Na koniec stycznia w skarbcu banku centralnego Państwa Środka znalazło się 2025,5 tony złota - poinformował PBoC. Chińskie rezerwy oficjalnie rosły trzeci miesiąc z rzędu, ale skala zakupów spowolniła do niespełna 15 ton wobec przeszło 30 ton w grudniu i listopadzie.
Według oficjalnych statystyk Pekin dysponuje 6. największymi rezerwami metalu na świecie. Więcej zgromadziły: USA (8133,47 t), Niemcy (3355,14 t), Włochy (2451,84 t), Francja (2436,5 t) i Rosja (2298,53 t).
Jednak chińskie dane budzą spore wątpliwości. Podobnie może być ze statystykami reżymu Władimira Putina. W przeszłości Chińczycy nagle "odnajdowali" setki ton złota. W maju 2009 r. stwierdzili, że mają w skarbu ponad 454 tony więcej, niż podawali do publicznej wiadomości miesiąc wcześniej. W lipcu 2015 r. ogłosili wzrost rezerw o 604 tony. Chyba nikt nie sądzi, że faktycznie w raptem 30 dni nabyli tak ogromne ilości metalu. Byłoby to nie lada wyzwanie, a do tego działanie pozbawione sensu. Łatwiej i rozsądniej rezerwy gromadzić stopniowo. Takie kroki Ludowy Bank Chin raportował w latach 2015-16 i w 2019 r.

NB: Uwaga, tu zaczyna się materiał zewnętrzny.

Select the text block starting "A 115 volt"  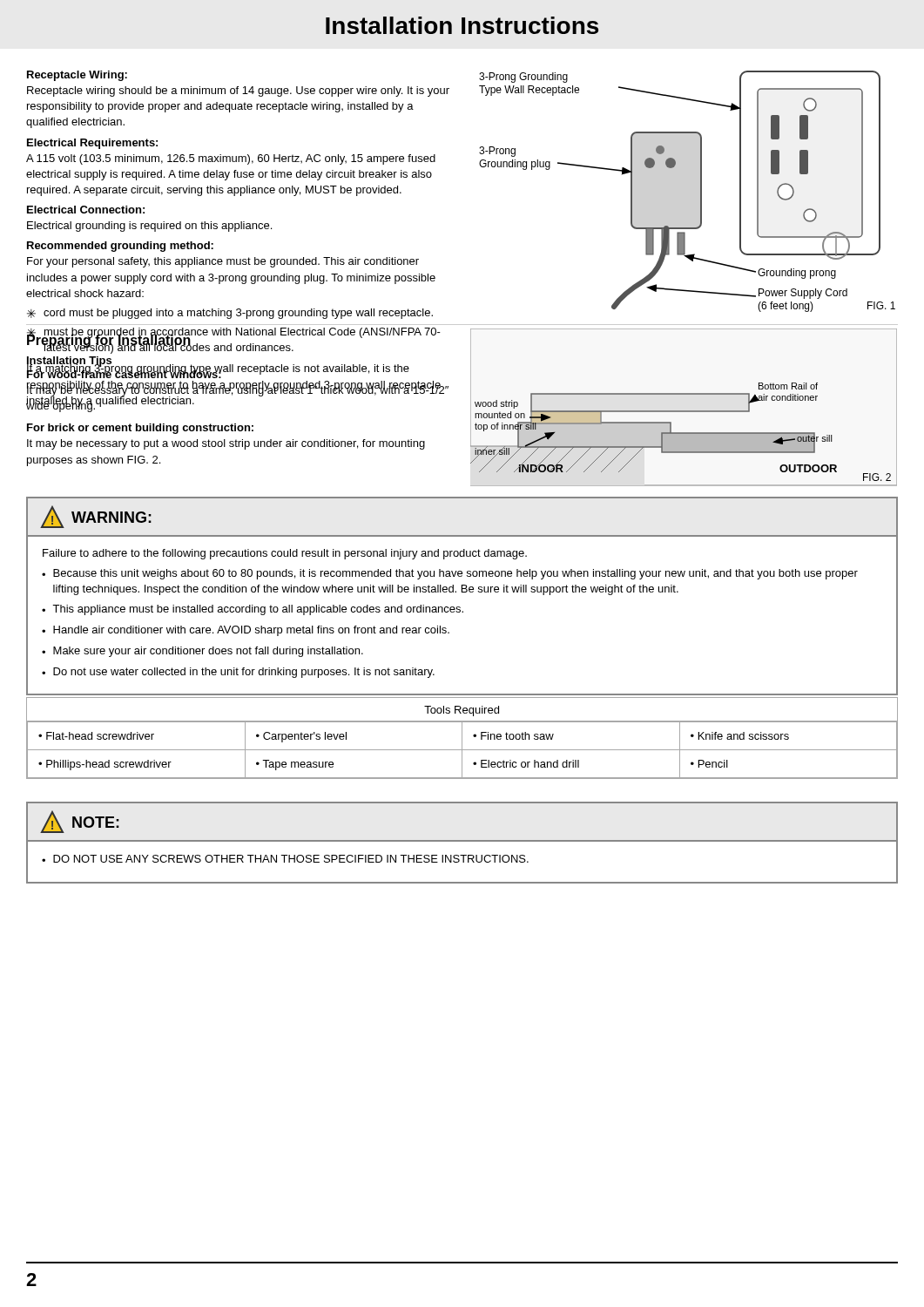click(x=231, y=174)
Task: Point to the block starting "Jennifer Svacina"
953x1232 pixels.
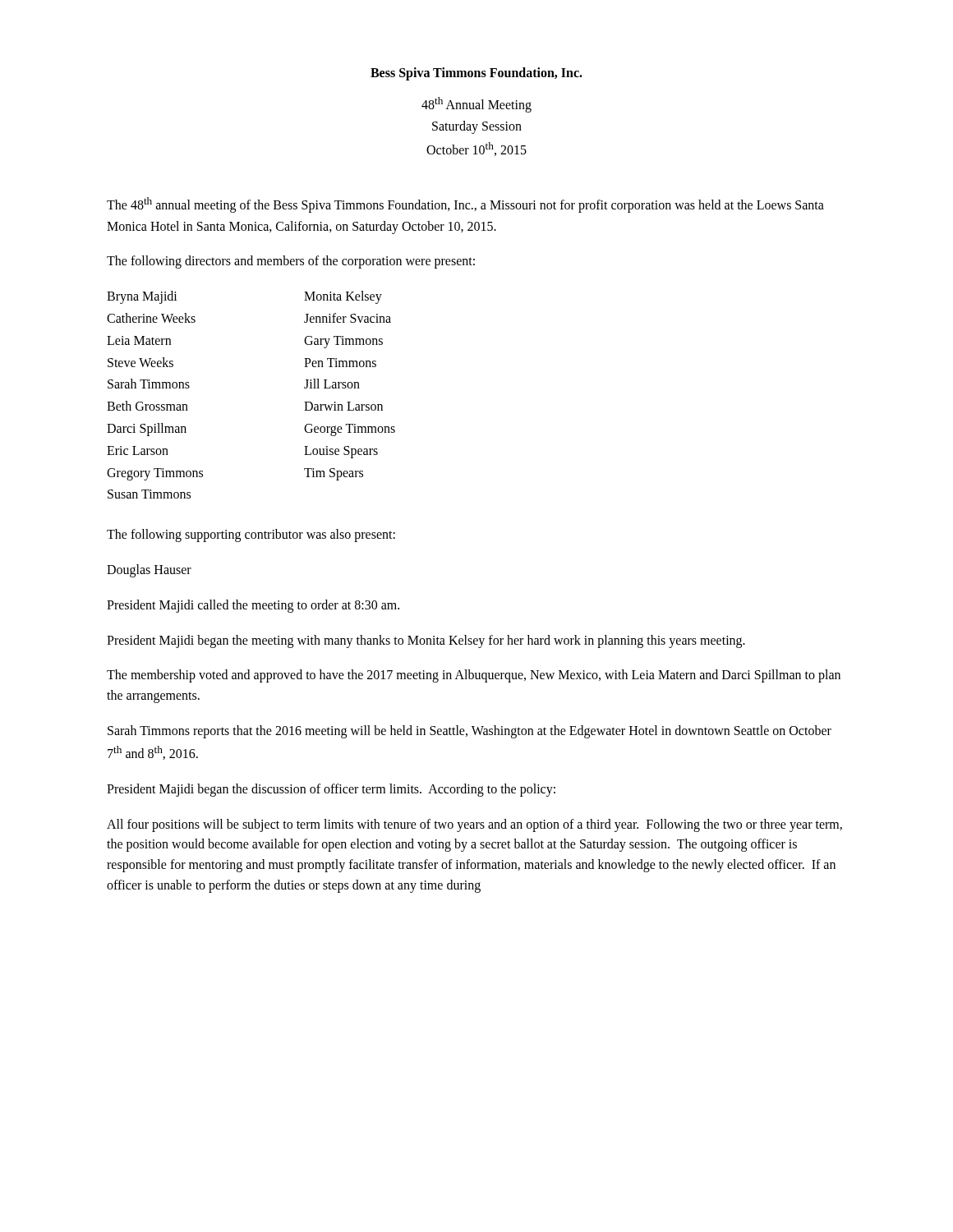Action: (394, 319)

W minionym roku banki centralne wybrały się na potężne zakupy. Światowa Rada Złota oszacowała je na bezprecedensowe 1 135,7 ton. To najwyższy rezultat od przynajmniej 55 lat oraz wynik o blisko trzy czwarte przewyższający poprzedni rekord z roku 2018. Jeszcze ciekawszy jest fakt, że większość tych zakupów nie została oficjalnie zaraportowana przez władze monetarne w statystykach Międzynarodowego Funduszu Walutowego - pisał w ubiegłym tygodniu główny analityk Bankier.pl Krzysztof Kolany.